NAR’s Breakthrough Articles present high-impact studies answering long-standing questions in the field of nucleic acids research and/or opening up new areas and mechanistic hypotheses for investigation. These articles are chosen by the Editors on the recommendation of Editorial Board Members and Referees. Articles are accompanied by a brief synopsis explaining the findings of the paper and where they fit in the broader context of nucleic acids research. They represent the very best papers published at NAR.

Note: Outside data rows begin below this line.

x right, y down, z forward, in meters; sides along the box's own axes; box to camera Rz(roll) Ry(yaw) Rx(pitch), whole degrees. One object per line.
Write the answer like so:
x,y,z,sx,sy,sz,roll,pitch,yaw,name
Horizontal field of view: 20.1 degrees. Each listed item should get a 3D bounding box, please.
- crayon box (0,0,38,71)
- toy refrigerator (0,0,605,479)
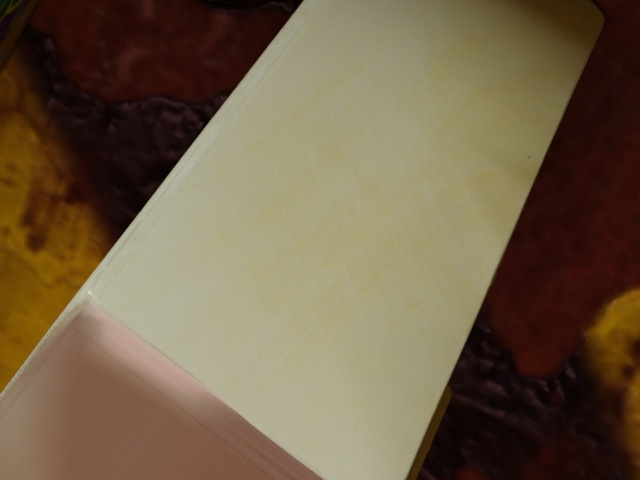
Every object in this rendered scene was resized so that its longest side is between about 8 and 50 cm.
-0.185,-0.035,0.615,0.083,0.203,0.323,34,127,-3,crayon box
0.000,0.000,0.524,0.094,0.269,0.102,38,126,-5,toy refrigerator
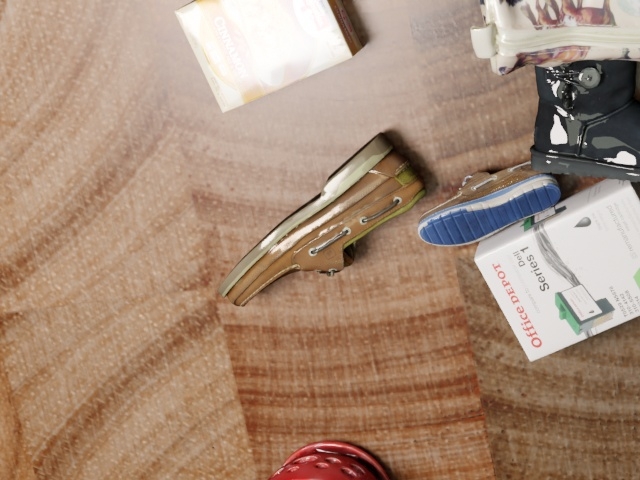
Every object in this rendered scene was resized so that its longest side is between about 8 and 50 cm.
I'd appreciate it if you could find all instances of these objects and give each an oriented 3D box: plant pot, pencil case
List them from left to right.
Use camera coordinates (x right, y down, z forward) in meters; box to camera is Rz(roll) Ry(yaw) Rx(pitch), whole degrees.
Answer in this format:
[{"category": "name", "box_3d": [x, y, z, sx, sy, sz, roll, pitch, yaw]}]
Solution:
[{"category": "plant pot", "box_3d": [0.006, 0.368, 2.102, 0.191, 0.174, 0.191, 4, 110, 12]}, {"category": "pencil case", "box_3d": [0.367, -0.261, 1.728, 0.410, 0.183, 0.159, 0, 125, 3]}]

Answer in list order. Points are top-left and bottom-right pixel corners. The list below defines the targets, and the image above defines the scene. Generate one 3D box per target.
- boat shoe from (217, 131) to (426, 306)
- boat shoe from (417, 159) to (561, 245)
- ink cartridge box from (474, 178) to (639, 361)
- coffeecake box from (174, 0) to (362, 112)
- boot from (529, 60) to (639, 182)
[{"category": "boat shoe", "box_3d": [0.000, 0.000, 2.012, 0.307, 0.111, 0.104, -41, 94, 22]}, {"category": "boat shoe", "box_3d": [0.206, -0.049, 1.970, 0.183, 0.066, 0.066, -18, 137, 6]}, {"category": "ink cartridge box", "box_3d": [0.323, 0.032, 1.957, 0.219, 0.092, 0.160, -27, 100, 19]}, {"category": "coffeecake box", "box_3d": [-0.063, -0.262, 1.961, 0.185, 0.068, 0.142, -22, 101, 18]}, {"category": "boot", "box_3d": [0.368, -0.179, 1.874, 0.247, 0.094, 0.207, 5, 111, 14]}]

In this study, the authors have generated new genome-wide tools for functional genomics of Candida albicans. An ORFeome collection has been constructed with 5,099 sequence validated ORFs cloned into a convenient recombinational cloning vector, which represents 83% of the currently annotated coding sequences of C. albicans. This resource is supported by the CandidaOrfDB database, providing information on the individual plasmids and their sequences. The authors also provide a panel of 49 expression vectors that differ in the combination of promoter/selection marker they are carrying and give different options regarding the tagging of the cloned gene product. They demonstrate a novel high-throughput approach to investigate protein-protein interactions in C. albicans. The construction of the ORFeome constitutes a novel and important step towards a systems biology analysis of C. albicans.
Structure of HIV TAR in complex with a Lab-Evolved RRM provides insight into duplex RNA recognition and synthesis of a constrained peptide that impairs transcription
HIV/AIDS is a global health threat that requires new insights into viral targets, especially those that resist mutation and promote novel aspects of the viral life cycle. In these respects, the HIV-1 trans-activation response (TAR) RNA is of ongoing interest. In this study, the authors describe the high resolution crystal structure of a laboratory-evolved protein bound to its tightly associated HIV TAR RNA target. The crystal structure of this complex allowed them to determine that only a subset of the ‘evolved’ protein sequences are actually involved in RNA binding, with the preponderance of interactions localized to a short β-hairpin. This observation led them to synthesize a short, stapled peptide that mimics the β-hairpin and attenuates TAR-dependent transcription in HeLa nuclear lysate. This study provides a detailed framework for peptide-mediated TAR recognition that might be generally applicable to target other disease-relevant RNAs.
This study employs time-resolved crystallographic analyses to visualize chemical events accompanying phosphodiester bond formation during DNA synthesis by DNA polymerases (dPols). The authors demonstrate that hydrolysis of the PPi moiety to inorganic phosphate is an intrinsic and critical step of the synthesis reaction, and is a general attribute of DNA synthesis by all dPols. The breakdown of PPi during DNA synthesis by dPols ensures that the synthesis reaction is energetically favorable and moves in the forward direction. This finding provides a solution for a long-standing question regarding the thermodynamics of the DNA synthesis reaction. The same study also indicates that the phosphodiester bond formation involves a mechanism wherein bonds are formed and broken sequentially and not concomitantly. These findings should therefore also be of great interest in an ongoing debate regarding the number and role of Mg2+ ions involved in the reaction utilized by dPols to synthesize DNA.